ABOUT THIS TASK: Go line by line through the entries and show those that hold the string "solid".

--- DATA TO EXAMINE Enclosed Below ---

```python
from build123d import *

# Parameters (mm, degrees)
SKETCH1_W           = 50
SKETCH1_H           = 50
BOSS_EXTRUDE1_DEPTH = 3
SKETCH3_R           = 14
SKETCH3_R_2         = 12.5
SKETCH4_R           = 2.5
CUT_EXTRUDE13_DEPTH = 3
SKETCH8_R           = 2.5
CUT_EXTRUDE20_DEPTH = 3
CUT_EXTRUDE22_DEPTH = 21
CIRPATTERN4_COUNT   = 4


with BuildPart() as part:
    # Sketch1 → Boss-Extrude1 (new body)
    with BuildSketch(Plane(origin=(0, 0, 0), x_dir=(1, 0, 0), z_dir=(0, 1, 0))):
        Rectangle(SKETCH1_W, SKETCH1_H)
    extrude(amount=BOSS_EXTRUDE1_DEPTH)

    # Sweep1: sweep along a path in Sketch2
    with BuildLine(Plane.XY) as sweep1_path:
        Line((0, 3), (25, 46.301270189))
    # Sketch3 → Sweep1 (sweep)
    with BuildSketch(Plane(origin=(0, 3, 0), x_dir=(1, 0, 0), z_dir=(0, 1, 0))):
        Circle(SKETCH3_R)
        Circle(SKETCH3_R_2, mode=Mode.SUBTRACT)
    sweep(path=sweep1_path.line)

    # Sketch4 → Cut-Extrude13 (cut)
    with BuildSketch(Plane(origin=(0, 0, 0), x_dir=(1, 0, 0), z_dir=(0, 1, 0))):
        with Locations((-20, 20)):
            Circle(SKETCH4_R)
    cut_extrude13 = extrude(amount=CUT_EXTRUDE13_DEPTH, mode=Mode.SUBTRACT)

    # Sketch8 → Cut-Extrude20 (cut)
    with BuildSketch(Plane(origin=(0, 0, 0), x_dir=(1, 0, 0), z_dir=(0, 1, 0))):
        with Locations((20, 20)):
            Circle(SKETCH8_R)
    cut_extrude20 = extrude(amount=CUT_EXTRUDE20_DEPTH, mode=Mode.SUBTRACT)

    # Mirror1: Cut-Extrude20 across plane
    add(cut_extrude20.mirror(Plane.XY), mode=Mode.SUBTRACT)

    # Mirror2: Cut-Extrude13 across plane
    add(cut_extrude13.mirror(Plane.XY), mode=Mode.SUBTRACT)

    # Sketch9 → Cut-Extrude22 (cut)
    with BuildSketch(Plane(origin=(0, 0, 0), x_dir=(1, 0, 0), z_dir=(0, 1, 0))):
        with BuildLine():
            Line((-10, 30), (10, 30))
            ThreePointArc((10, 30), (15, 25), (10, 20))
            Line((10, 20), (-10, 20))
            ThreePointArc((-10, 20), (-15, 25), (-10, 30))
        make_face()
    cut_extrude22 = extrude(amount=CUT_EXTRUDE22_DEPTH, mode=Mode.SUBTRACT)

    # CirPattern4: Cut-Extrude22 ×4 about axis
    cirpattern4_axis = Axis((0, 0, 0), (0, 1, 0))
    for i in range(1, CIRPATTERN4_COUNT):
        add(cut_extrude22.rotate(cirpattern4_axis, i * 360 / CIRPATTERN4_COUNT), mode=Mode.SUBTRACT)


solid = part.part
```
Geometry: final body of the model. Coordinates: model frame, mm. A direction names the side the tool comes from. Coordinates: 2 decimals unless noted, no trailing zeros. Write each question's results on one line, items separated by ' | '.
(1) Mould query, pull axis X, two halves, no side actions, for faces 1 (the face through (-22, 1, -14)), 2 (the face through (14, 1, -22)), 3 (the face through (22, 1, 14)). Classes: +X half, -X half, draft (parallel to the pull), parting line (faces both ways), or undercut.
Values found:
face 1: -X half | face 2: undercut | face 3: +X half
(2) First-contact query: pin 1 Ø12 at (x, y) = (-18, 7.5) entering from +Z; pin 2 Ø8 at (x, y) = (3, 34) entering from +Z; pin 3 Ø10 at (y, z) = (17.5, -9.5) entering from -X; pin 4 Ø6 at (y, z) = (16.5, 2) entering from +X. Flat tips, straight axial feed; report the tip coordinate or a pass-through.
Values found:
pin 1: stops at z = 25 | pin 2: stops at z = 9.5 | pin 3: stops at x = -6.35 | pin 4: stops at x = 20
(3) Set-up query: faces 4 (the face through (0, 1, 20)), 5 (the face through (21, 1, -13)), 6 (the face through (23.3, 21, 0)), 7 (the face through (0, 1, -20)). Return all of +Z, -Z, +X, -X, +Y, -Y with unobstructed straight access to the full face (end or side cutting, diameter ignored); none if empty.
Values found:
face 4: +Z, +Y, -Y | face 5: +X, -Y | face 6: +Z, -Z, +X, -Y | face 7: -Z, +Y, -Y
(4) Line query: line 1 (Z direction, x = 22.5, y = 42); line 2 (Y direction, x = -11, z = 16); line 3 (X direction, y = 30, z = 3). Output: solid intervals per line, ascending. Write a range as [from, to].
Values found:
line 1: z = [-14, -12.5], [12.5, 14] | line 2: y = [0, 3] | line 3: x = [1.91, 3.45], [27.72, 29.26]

--- End of Enclosed DATA TO EXAMINE ---

RESULT BELOW:
solid = part.part
(4) Line query: line 1 (Z direction, x = 22.5, y = 42); line 2 (Y direction, x = -11, z = 16); line 3 (X direction, y = 30, z = 3). Output: solid intervals per line, ascending. Write a range as [from, to].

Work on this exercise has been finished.